The Delta Engine now has an improved query optimizer and a native vectorized execution engine written in C++. This builds on the optimized reads and writes in today’s NVMe SSDs that eclipse the SATA SSDs found in previous generations along with faster seek times. Gaining these efficiencies out of the CPU at the bare metal level is significant especially as data teams deal with more and more unstructured data and high velocity. The C++ implementation helps exploiting data-level and instruction-level parallelism as explained in detail in the keynote by Reynold Xin. Some interesting benchmarks on strings using regex to demonstrate faster processing. Looking forward to more details on how the optimization works under the hood and implementation guidelines.
Koalas 1.0 now implements 80% of the Pandas APIs. We can invoke accessors to use the Pyspark APIs from Koalas. Better type hinting and a ton of enhancements on DataFrames, Series and Indexes with support for Python 3.8 make this another value proposition on Spark.
A lot of focus on Lakehouse in ancillary meetings were encouraging and augurs well for data democratization on a single linear stack versus fragmenting data across data warehouses and data lakes. The Redash acquisition will provide another option for large scale enterprises for easy-to-use dashboarding and visualization capabilities on these curated data lake. Hope to see more public announcements on that topic.

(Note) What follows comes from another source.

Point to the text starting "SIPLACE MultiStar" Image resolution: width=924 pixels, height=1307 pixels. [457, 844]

- Building Data Quality Audit Framework using Delta Lake at Cerner
- A Thorough Comparison of Delta Lake, Iceberg and Hudi
- Automatic Forecasting using Prophet, Databricks, Delta Lake and MLflow
- Machine Learning Data Lineage with MLflow and Delta Lake
- Patterns and Operational Insights from the First Users of Delta Lake
More announcements around the MLflow model serving aspects with Model Registry (announced in April) that lets data scientists track model lifecycle across versions such as Staging, Production, or Archived. With MLflow in the Linux Foundation, it helps evangelizing it to a larger audience with a vendor-independent non-profit managing this project.
- Autologging : Enables automatic logging of Spark datasource information at read-time, without the need for explicit log statements. mlflow.spark.autolog() will enable auto logging for spark data sources if you provide the relevant data and versions using Delta Lake so the managed Databricks implementation definitely looks slicker with the UI. Implementation would be as easy as attaching a ml-flow spark JARS and then call
mlflow.spark.autolog. More significantly, enables the cloning of models.
- On Azure – the updated
mlflow.azureml.deployAPI for deploying MLflow models to AzureML. This now uses the up-to-date Model.package() and Model.deploy() APIs.

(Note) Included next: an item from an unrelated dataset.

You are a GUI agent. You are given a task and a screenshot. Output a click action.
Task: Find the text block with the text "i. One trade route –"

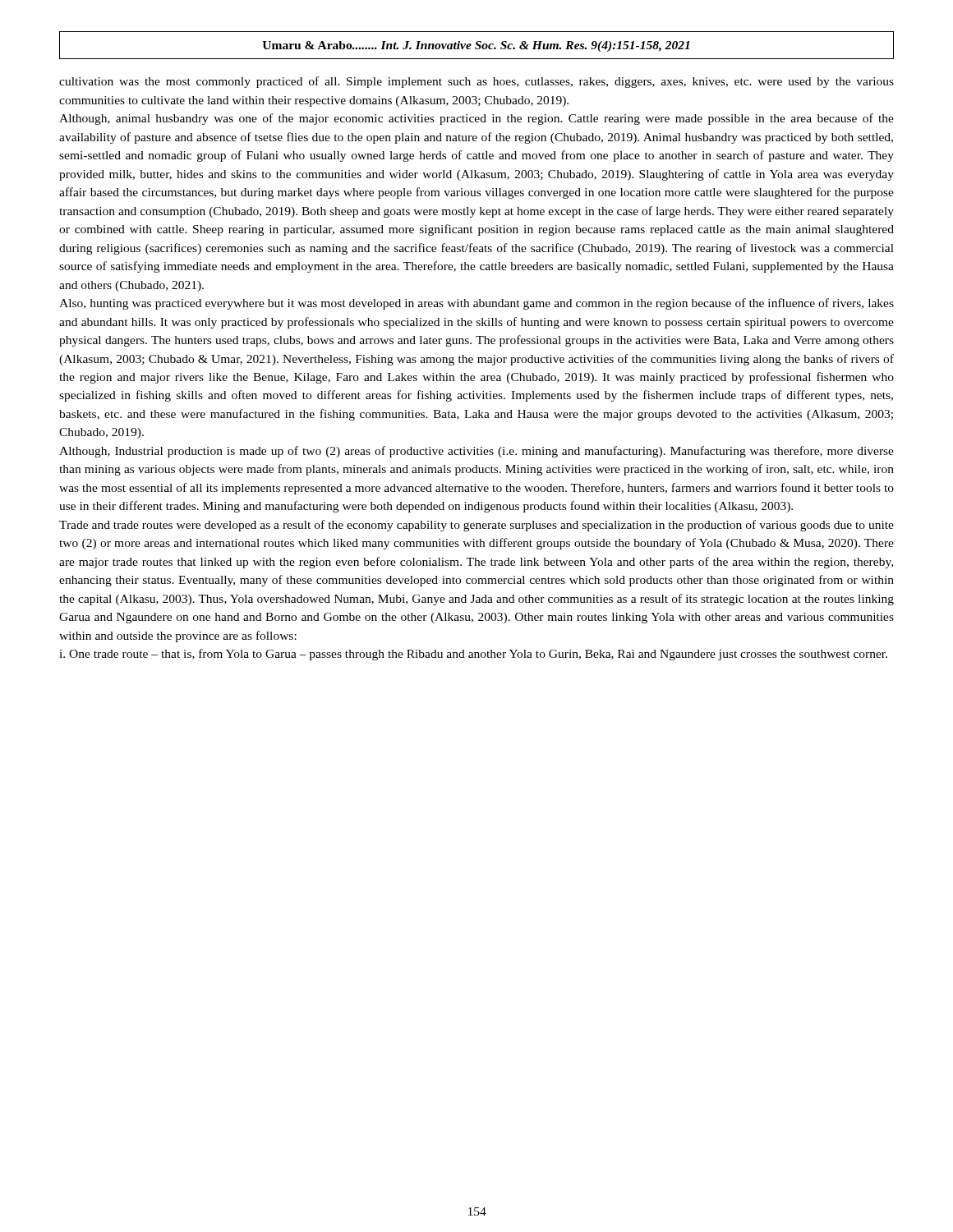click(476, 654)

- Model schemas for input and out schemas, custom metadata tags for tracking which means more metadata to track which is great.

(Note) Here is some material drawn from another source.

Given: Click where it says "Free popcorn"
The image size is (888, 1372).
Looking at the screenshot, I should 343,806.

- Model Serving : Ability to deploy models via a rest endpoint on Hosted ML Flow which is great. Would have loved to see more turnkey methods to deploy to an agnostic deployment endpoint say, a managed Kubernetes service – the current implementation is for databricks clusters from what I noticed.
- Lots of cool UI fixes including highlighting different parameter values when comparing runs, UI plot updates with scaling to thousands of points.
- Advertising Fraud Detection at Scale at T-Mobile
- Generative Hyperloop Design: Managing Massively Scaled Simulations Focused on Quick-Insight Analytics and Demand Modelling
- The Killer Feature Store: Orchestrating Spark ML Pipelines and MLflow for Production
- Productionizing Machine Learning Pipelines with Databricks and Azure ML
- Children Safety Retrieval (CENSER) System for Retrieval of Kidnapped Children from Brothels in India – A thought provoking talk on a real application of Image recognition for societal change
Looking forward to trying out the new MLflow features which will go on public preview later in July.